Goswin von Brederlow wrote:
I think 0 size files are just a case of partial files that isn't
handled special. With other partial files you want to keep them and
resume downloading. With 0 bytes there is 0 gain in resuming but
removing them would haven been extra code.
I think the bigger question is where those files come from in the
first place. Where does it start fetching them and quits after 0
bytes? Maybe that apt method should not create the files unless it
actualy has data to write to them in the first place.
I uploaded my strace reports to a public location:
http://members.lycos.nl/kattouw/traces/ contains reports of an apt-get
update spewing errors, while
http://members.lycos.nl/kattouw/traces/traces2 contains reports of
apt-get update running on an empty partial dir.

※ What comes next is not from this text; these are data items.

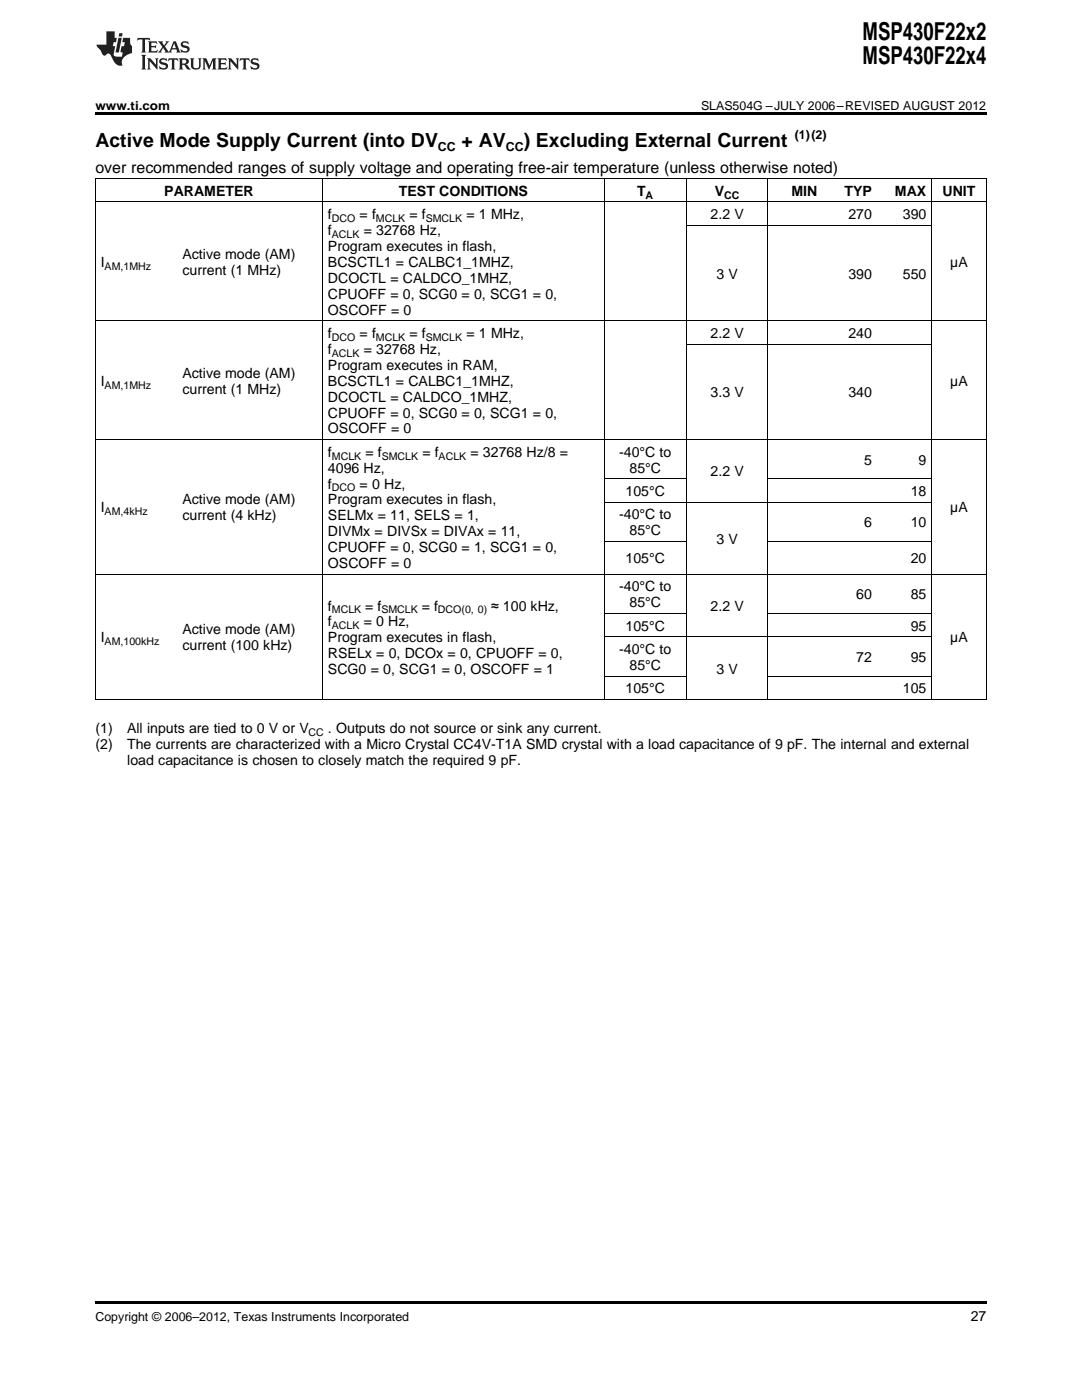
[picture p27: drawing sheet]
<svg xmlns="http://www.w3.org/2000/svg" width="216mm" height="279mm" viewBox="0 0 216 279" stroke-linecap="round" stroke-linejoin="round" font-family="sans-serif">
<defs><g id="words">
<g font-size="4.9">
<text x="172.1" y="7.9">MSP430F22x2</text>
<text x="172.1" y="12.8">MSP430F22x4</text>
</g>
<g font-size="3.9">
<text x="19" y="29.3">Active Mode Supply Current (into DV</text>
<text x="92.1" y="29.3">+ AV</text>
<text x="104.5" y="29.3">) Excluding External Current</text>
</g>
<text font-size="3.2" x="19" y="34.4">over recommended ranges of supply voltage and operating free-air temperature (unless otherwise noted)</text>
<g font-size="2.8">
<text x="32.8" y="39.1">PARAMETER</text>
<text x="79.6" y="39.1">TEST CONDITIONS</text>
<text x="127.1" y="39.1">T</text>
<text x="142.6" y="39.1">V</text>
<text x="157.9" y="39.1">MIN</text>
<text x="168.5" y="39.1">TYP</text>
<text x="178.6" y="39.1">MAX</text>
<text x="188.1" y="39.1">UNIT</text>
<text x="65.4" y="43.7">f</text>
<text x="65.4" y="46.9">f</text>
<text x="71.8" y="43.7">= f</text>
<text x="72.6" y="46.9">= 32768 Hz,</text>
<text x="81.7" y="43.7">= f</text>
<text x="93.1" y="43.7">= 1 MHz,</text>
<text x="141.8" y="43.7">2.2 V</text>
<text x="169.3" y="43.7">270</text>
<text x="180.2" y="43.7">390</text>
<text x="20.1" y="53.3">I</text>
<text x="36.4" y="51.7">Active mode (AM)</text>
<text x="65.4" y="50.1">Program executes in flash,</text>
<text x="65.4" y="53.3">BCSCTL1 = CALBC1_1MHZ,</text>
<text x="189.6" y="53.3">µA</text>
<text x="36.4" y="54.9">current (1 MHz)</text>
<text x="65.4" y="56.4">DCOCTL = CALDCO_1MHZ,</text>
<text x="65.4" y="59.6">CPUOFF = 0, SCG0 = 0, SCG1 = 0,</text>
<text x="142.9" y="55.6">3 V</text>
<text x="169.3" y="55.6">390</text>
<text x="180.2" y="55.6">550</text>
<text x="65.4" y="62.8">OSCOFF = 0</text>
<text x="65.4" y="67.5">f</text>
<text x="65.4" y="70.6">f</text>
<text x="71.8" y="67.5">= f</text>
<text x="72.6" y="70.6">= 32768 Hz,</text>
<text x="81.7" y="67.5">= f</text>
<text x="93.1" y="67.5">= 1 MHz,</text>
<text x="141.8" y="67.5">2.2 V</text>
<text x="169.3" y="67.5">240</text>
<text x="20.1" y="77">I</text>
<text x="36.4" y="75.4">Active mode (AM)</text>
<text x="65.4" y="73.8">Program executes in RAM,</text>
<text x="65.4" y="77">BCSCTL1 = CALBC1_1MHZ,</text>
<text x="189.6" y="77">µA</text>
<text x="36.4" y="78.6">current (1 MHz)</text>
<text x="65.4" y="80.2">DCOCTL = CALDCO_1MHZ,</text>
<text x="65.4" y="83.3">CPUOFF = 0, SCG0 = 0, SCG1 = 0,</text>
<text x="141.8" y="79.3">3.3 V</text>
<text x="169.3" y="79.3">340</text>
<text x="65.4" y="86.5">OSCOFF = 0</text>
<text x="65.4" y="91.2">f</text>
<text x="65.4" y="94.3">4096 Hz,</text>
<text x="72.9" y="91.2">= f</text>
<text x="84.3" y="91.2">= f</text>
<text x="93.9" y="91.2">= 32768 Hz/8 =</text>
<text x="123.5" y="91.2">-40°C to</text>
<text x="125.6" y="94.3">85°C</text>
<text x="141.8" y="95.1">2.2 V</text>
<text x="172.4" y="92.7">5</text>
<text x="183.3" y="92.7">9</text>
<text x="36.4" y="100.7">Active mode (AM)</text>
<text x="65.4" y="97.5">f</text>
<text x="65.4" y="100.7">Program executes in flash,</text>
<text x="71.8" y="97.5">= 0 Hz,</text>
<text x="124.8" y="99">105°C</text>
<text x="181.7" y="99">18</text>
<text x="20.1" y="102.3">I</text>
<text x="36.4" y="103.9">current (4 kHz)</text>
<text x="65.4" y="103.9">SELMx = 11, SELS = 1,</text>
<text x="65.4" y="107">DIVMx = DIVSx = DIVAx = 11,</text>
<text x="123.5" y="103.6">-40°C to</text>
<text x="125.6" y="106.8">85°C</text>
<text x="172.4" y="105.2">6</text>
<text x="181.7" y="105.2">10</text>
<text x="189.6" y="102.3">µA</text>
<text x="65.4" y="110.2">CPUOFF = 0, SCG0 = 1, SCG1 = 0,</text>
<text x="65.4" y="113.4">OSCOFF = 0</text>
<text x="124.8" y="112.4">105°C</text>
<text x="142.9" y="108.5">3 V</text>
<text x="181.7" y="112.4">20</text>
<text x="123.5" y="118">-40°C to</text>
<text x="170.9" y="119.6">60</text>
<text x="181.7" y="119.6">85</text>
<text x="65.4" y="121.8">f</text>
<text x="65.4" y="125">f</text>
<text x="72.6" y="125">= 0 Hz,</text>
<text x="72.9" y="121.8">= f</text>
<text x="84.2" y="121.8">= f</text>
<text x="98" y="121.8">≈ 100 kHz,</text>
<text x="124.8" y="125.9">105°C</text>
<text x="125.6" y="121.2">85°C</text>
<text x="141.8" y="122">2.2 V</text>
<text x="181.7" y="125.9">95</text>
<text x="20.1" y="128.2">I</text>
<text x="36.4" y="126.6">Active mode (AM)</text>
<text x="36.4" y="129.8">current (100 kHz)</text>
<text x="65.4" y="128.2">Program executes in flash,</text>
<text x="65.4" y="131.4">RSELx = 0, DCOx = 0, CPUOFF = 0,</text>
<text x="123.5" y="130.5">-40°C to</text>
<text x="189.6" y="128.2">µA</text>
<text x="65.4" y="134.5">SCG0 = 0, SCG1 = 0, OSCOFF = 1</text>
<text x="125.6" y="133.7">85°C</text>
<text x="142.9" y="134.4">3 V</text>
<text x="170.9" y="132.1">72</text>
<text x="181.7" y="132.1">95</text>
<text x="124.8" y="138.4">105°C</text>
<text x="180.2" y="138.4">105</text>
<text x="19" y="146.3">(1)</text>
<text x="19" y="149.5">(2)</text>
<text x="25.4" y="146.3">All inputs are tied to 0 V or V</text>
<text x="25.4" y="149.5">The currents are characterized with a Micro Crystal CC4V-T1A SMD crystal with a load capacitance of 9 pF. The internal and external</text>
<text x="65.4" y="146.3">. Outputs do not source or sink any current.</text>
<text x="25.4" y="152.7">load capacitance is chosen to closely match the required 9 pF.</text>
<text x="193.7" y="263.6">27</text>
</g>
<g font-size="2.5">
<text x="19" y="21.9">www.ti.com</text>
<text x="139.9" y="21.9">SLAS504G –JULY 2006–REVISED AUGUST 2012</text>
<text x="158.6" y="27.7">(1)(2)</text>
<text x="87.4" y="30.1">CC</text>
<text x="100.9" y="30.1">CC</text>
<text x="19" y="263.6">Copyright © 2006–2012, Texas Instruments Incorporated</text>
</g>
<g font-size="2.1">
<text x="128.8" y="39.7">A</text>
<text x="144.5" y="39.7">CC</text>
<text x="66.2" y="44.3">DCO</text>
<text x="66.2" y="47.5">ACLK</text>
<text x="75" y="44.3">MCLK</text>
<text x="84.9" y="44.3">SMCLK</text>
<text x="20.9" y="53.8">AM,1MHz</text>
<text x="66.2" y="68">DCO</text>
<text x="66.2" y="71.2">ACLK</text>
<text x="75" y="68">MCLK</text>
<text x="84.9" y="68">SMCLK</text>
<text x="20.9" y="77.5">AM,1MHz</text>
<text x="66.2" y="91.7">MCLK</text>
<text x="76.2" y="91.7">SMCLK</text>
<text x="87.5" y="91.7">ACLK</text>
<text x="66.2" y="98.1">DCO</text>
<text x="20.9" y="102.8">AM,4kHz</text>
<text x="66.2" y="122.4">MCLK</text>
<text x="66.2" y="125.6">ACLK</text>
<text x="76.1" y="122.4">SMCLK</text>
<text x="87.4" y="122.4">DCO(0, 0)</text>
<text x="20.9" y="128.8">AM,100kHz</text>
<text x="61.6" y="146.9">CC</text>
</g>
</g></defs>
<g fill="#231f20">
<path d="M27.5 7.6l-.1 .5 .4-.2h.6v.1v2.1l-.2 .4h1l-.3-.4v-2.1l.1-.1h.5l.5 .2-.2-.5zM29.5 8.3l.2 .3v1.5l-.2 .4h1.8l.2-.6a1.04 1.04 0 0 1-1.3 .2v-.7h.6l.3 .2v-.6l-.3 .2h-.6v-.6l.8-.1 .4 .3-.2-.5zM31.5 8.3l.9 1.1-.9 1.1h.8l-.2-.2 .5-.7 .4 .7-.2 .2h1.5l-.1-.2 .1-.4h.9l.1 .4-.2 .2h1l-.3-.3-.7-1.9h-.5l-.9 2-.8-1 .9-1h-.8l.1 .3-.3 .5-.4-.6 .2-.2zM34.7 8.6l.4 1h-.7zM36.3 8.4a.63 .63 0 0 0-.2 .7 .63 .63 0 0 0 .6 .4l.6 .2 .1 .2a.75 .75 0 0 1-.7 .4 .75 .75 0 0 1-.6-.5l.1 .7 .1-.1a1.11 1.11 0 0 0 1.5-.6 1.13 1.13 0 0 0-1.2-.8l-.1-.4a1.04 1.04 0 0 1 1.2 .2l-.2-.5-.1 .1-.5-.2zM28.2 10.9l.2 .4v2.2l-.2 .4h1l-.3-.4v-2.2l.3-.4zM29.3 11.6l.3 .4v1.5l-.3 .4h.8l-.2-.4v-1.3l1.5 1.7v-1.9l.2-.4h-.7l.2 .4v.9l-1.1-1.3zM32 11.8a.62 .62 0 0 0-.2 .7 .62 .62 0 0 0 .6 .4l.6 .1 .1 .3a.76 .76 0 0 1-.7 .3 .76 .76 0 0 1-.6-.4l.1 .7 .1-.1a1.11 1.11 0 0 0 1.5-.6 1.13 1.13 0 0 0-1.2-.8l-.1-.4a1.04 1.04 0 0 1 1.2 .2l-.2-.6-.1 .1-.5-.1zM33.7 11.6l-.2 .6a.61 .61 0 0 1 .8-.3v1.6l-.2 .4h.9l-.2-.4v-1.6a.63 .63 0 0 1 .8 .3l-.2-.6zM35.6 11.6l.3 .4v1.5l-.3 .4h1l-.2-.2v-.8l.5 .2a.76 .76 0 0 0 1.2 .7l-1-1a.58 .58 0 0 0 .6-.5 .58 .58 0 0 0-.5-.6zM36.4 11.9h.1a.45 .45 0 0 1 .5 .1 .45 .45 0 0 1 .1 .5l-.7 .2zM37.9 11.6l.2 .2a2.17 2.17 0 0 0 .3 1.9 .99 .99 0 0 0 1.6-.6v-1.1l.2-.4h-.7l.2 .2a1.92 1.92 0 0 1-.2 1.8 .6 .6 0 0 1-.9-.5v-1.1l.2-.4zM40.4 11.6l.2 .4v1.5l-.2 .4h.7l-.2-.4v-1.4l.8 1.8 .8-1.8v1.4l-.2 .4h.9l-.2-.4v-1.5l.2-.4h-.8l-.6 1.5-.6-1.5zM43.4 11.6l.2 .4v1.5l-.2 .4h1.8l.2-.6a1.04 1.04 0 0 1-1.3 .1v-.6h.5l.4 .2v-.6l-.4 .2h-.5v-.7h.8l.3 .3-.1-.6zM45.5 11.6l.2 .4v1.5l-.2 .4h.7l-.2-.4v-1.3l1.5 1.7v-1.9l.2-.4h-.7l.2 .4v.9l-1.1-1.3zM47.9 11.6l-.1 .6a.61 .61 0 0 1 .8-.3v1.6l-.3 .4h1l-.3-.4 .1-1.6a.63 .63 0 0 1 .7 .3l-.1-.6zM50.2 11.8a.62 .62 0 0 0-.2 .7 .62 .62 0 0 0 .6 .4l.6 .1 .2 .3a.76 .76 0 0 1-.8 .3 .76 .76 0 0 1-.6-.4l.1 .7 .2-.1a1.11 1.11 0 0 0 1.5-.6 1.13 1.13 0 0 0-1.3-.8l-.1-.4a1.04 1.04 0 0 1 1.2 .2l-.1-.6-.2 .1-.5-.1z"/>
<path d="M21.2 6.3v2.6h-1.9l.1 .4 .7 .9a.91 .91 0 0 0 1 .8 .56 .56 0 0 1 .5-.3 .56 .56 0 0 1 .5 .3l.4 .8a1.53 1.53 0 0 0 1.9 1.2 1.54 1.54 0 0 1 1-2.1l.9-.3v-1.4a1.52 1.52 0 0 1-.3-1.6h-1.4l-.2 .8h.5l-.2 .8h-.4l-.2 1v.2l.4 .1-.2 .8a1.93 1.93 0 0 1-1.6-.3l.3-1.8h-.5l.2-.8h.4l.2-.8h-.4v-1.3zM23.6 7.6l-.6 2.9h.7l.6-2.9zM23.8 6.6l-.1 .7h.6l.2-.7z"/>
</g>
<path d="M19 22.5h177.8v.5h-177.8zM19 259.7h177.8v.5h-177.8z" fill="#000"/>
<g fill="none" stroke="#000" stroke-width=".2">
<path d="M19 35.6h177.8M19.1 35.7v103.9M64.3 35.7v103.9M120.6 35.7v103.9M136.9 35.7v103.9M153.2 35.7v103.9M185.9 35.7v103.9M196.8 35.7v103.9M19 40.3h177.8M136.9 45h49M19 64h177.8M136.9 68.7h49"/>
<path d="M19 87.7h177.8M120.6 95.5h16.3M153.3 95.5h32.6M19 114.6h177.8M120.6 108h16.3M120.6 100.2h65.3M153.3 108h32.6M19 139.6h177.8M120.6 134.9h16.3M120.6 127.1h65.3M120.6 122.4h16.3M153.3 134.9h32.6"/>
<path d="M153.3 122.4h32.6"/>
</g>
<use href="#words"/>
</svg>

According to the second series, the methods/ftp helper program is
responsible for creating those files. After negotiating a lot with the
remote FTP server (strace cuts strings at 32 chars, so I didn't see
those negotiations. The uploaded reports do show them, but I didn't
really feel like reading them at 1 AM) and stat(2)ing a non-existent
partial file, it creates one by open(2)ing it with the O_CREAT flag set
(i.e. opening it in destructive write mode). These reports may clarify
things a little about why those empty partial files are created.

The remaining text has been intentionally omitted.